About 3:30 yesterday morning, an ambulance sped past 16-year-old Thomas M. Murphy, an Annandale youth wandering down the center of Braddock Road, trying to hitchhike home from a party.
Paramedic Richard Ray in the ambulance saw the youth "stumbling and weaving" in the street. But the ambulance did not stop or notify police. Paramedics from Burke Volunteer Fire Department, Ray explained, have been told to leave apparent drunks "to the police . . . it would clutter up the emergency radio frequency."
In the next 30 minutes, Murphy, who was only one mile from home, was probably hit by three cars before anyone called for aid, according to Fairfax County police.
The fire department ambulance that passed Murphy as it was returning to its station then was summoned to take the youth to Fairfax Hospital. He was dead on arrival.

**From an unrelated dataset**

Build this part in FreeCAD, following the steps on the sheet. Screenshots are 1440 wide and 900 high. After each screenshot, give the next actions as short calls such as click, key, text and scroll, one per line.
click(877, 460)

A 30-year old Burke man, driver of the last car to run over Murphy, stopped and notified police, according to police spokesman Warren R. Carmichael.
Carmichael said yesterday that the man saw two people in separate cars near where Murphy lay on the pavement. When the Burke man told them he was calling police, they told him "they weren't sticking around for the cops," Carmichael said.

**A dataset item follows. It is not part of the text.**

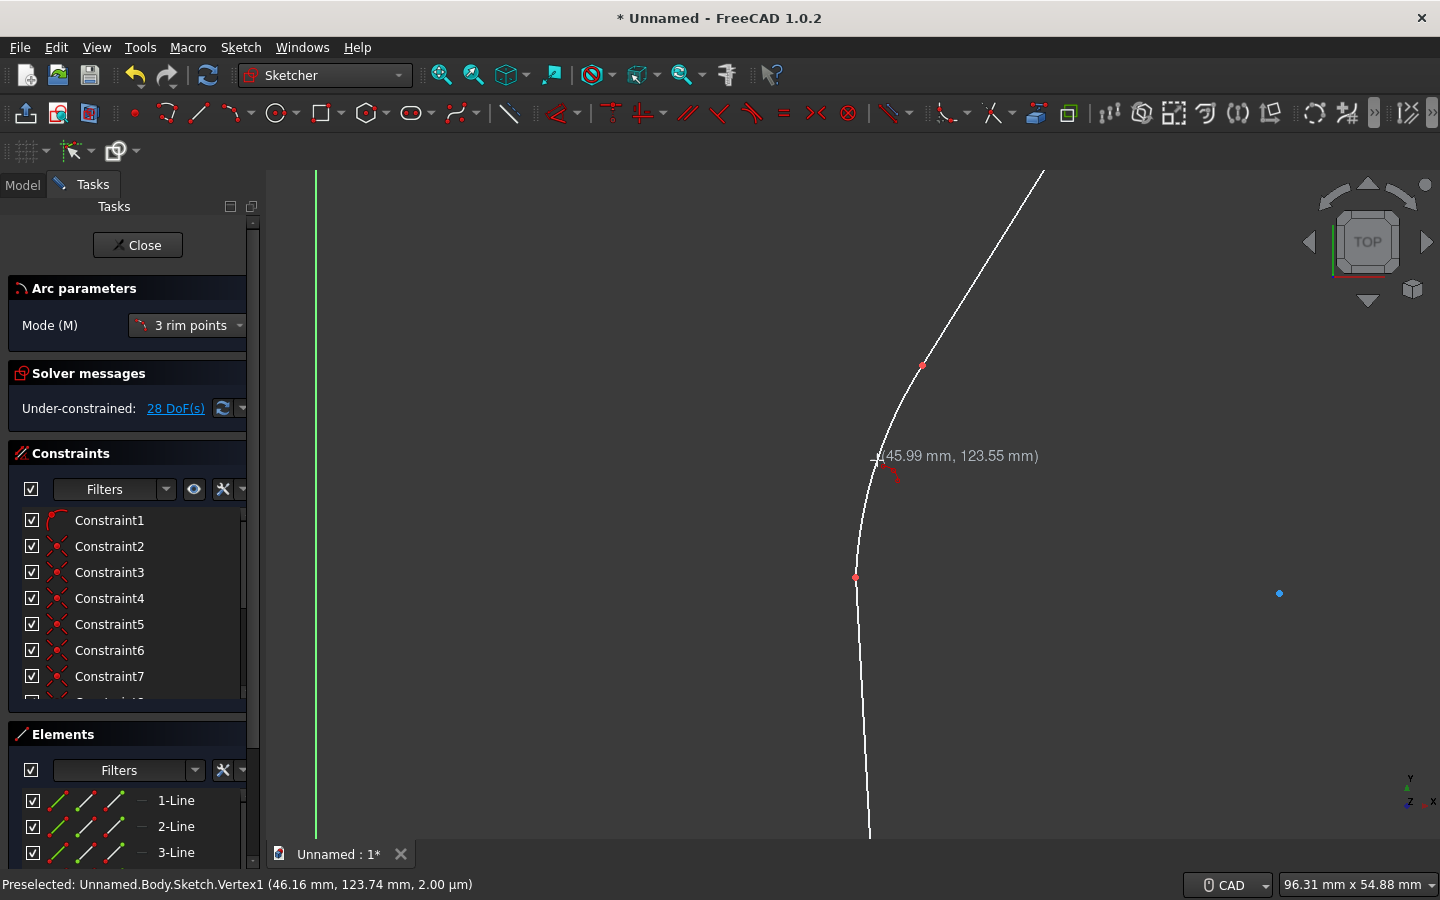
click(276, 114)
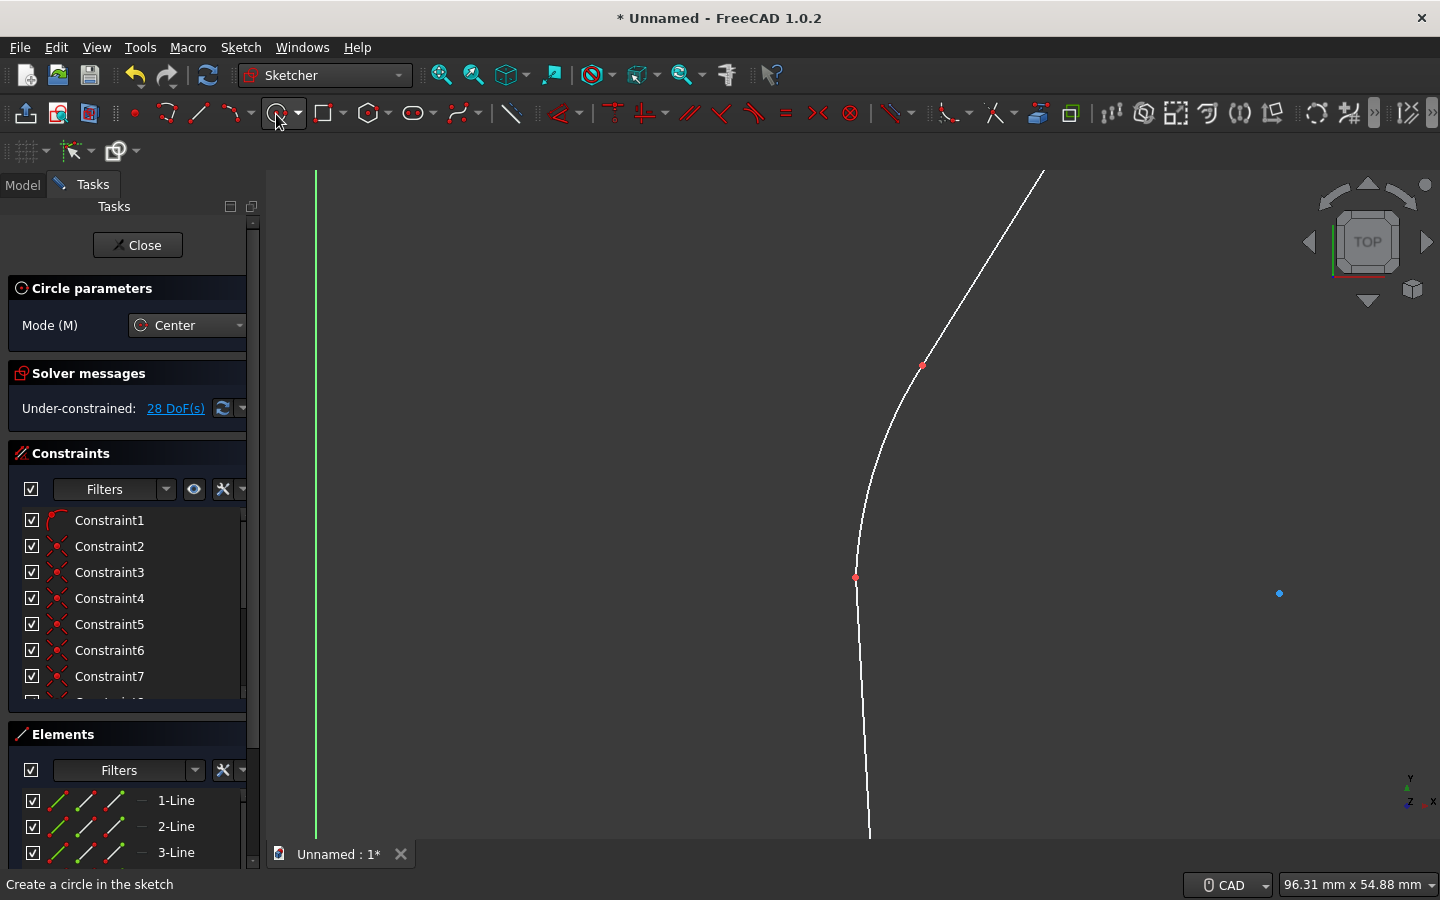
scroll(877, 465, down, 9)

Police said tire marks on the body of the Lake Braddock High School sophomore indicate he was run over at least twice and possibly three times.
Both of the men who fled the scene, one driving a light-colored van and the other a sports car, are being sought as possible witnesses, Carmichael said. He said neither is being considered as a hit-and-run suspect.
Asked yesterday about fire department policy of ignoring apparently drunk citizens on county street, Lt. William L. Harris of the Burke fire station said paramedics "see so many people stumbling on the streets. Perhaps they don't take as much interest as they should."
Fairfax County Board Chairman John F. Herrity yesterday called for the county to make a "thorough investigation into the incident in the hope that this situation can be prevented in the future.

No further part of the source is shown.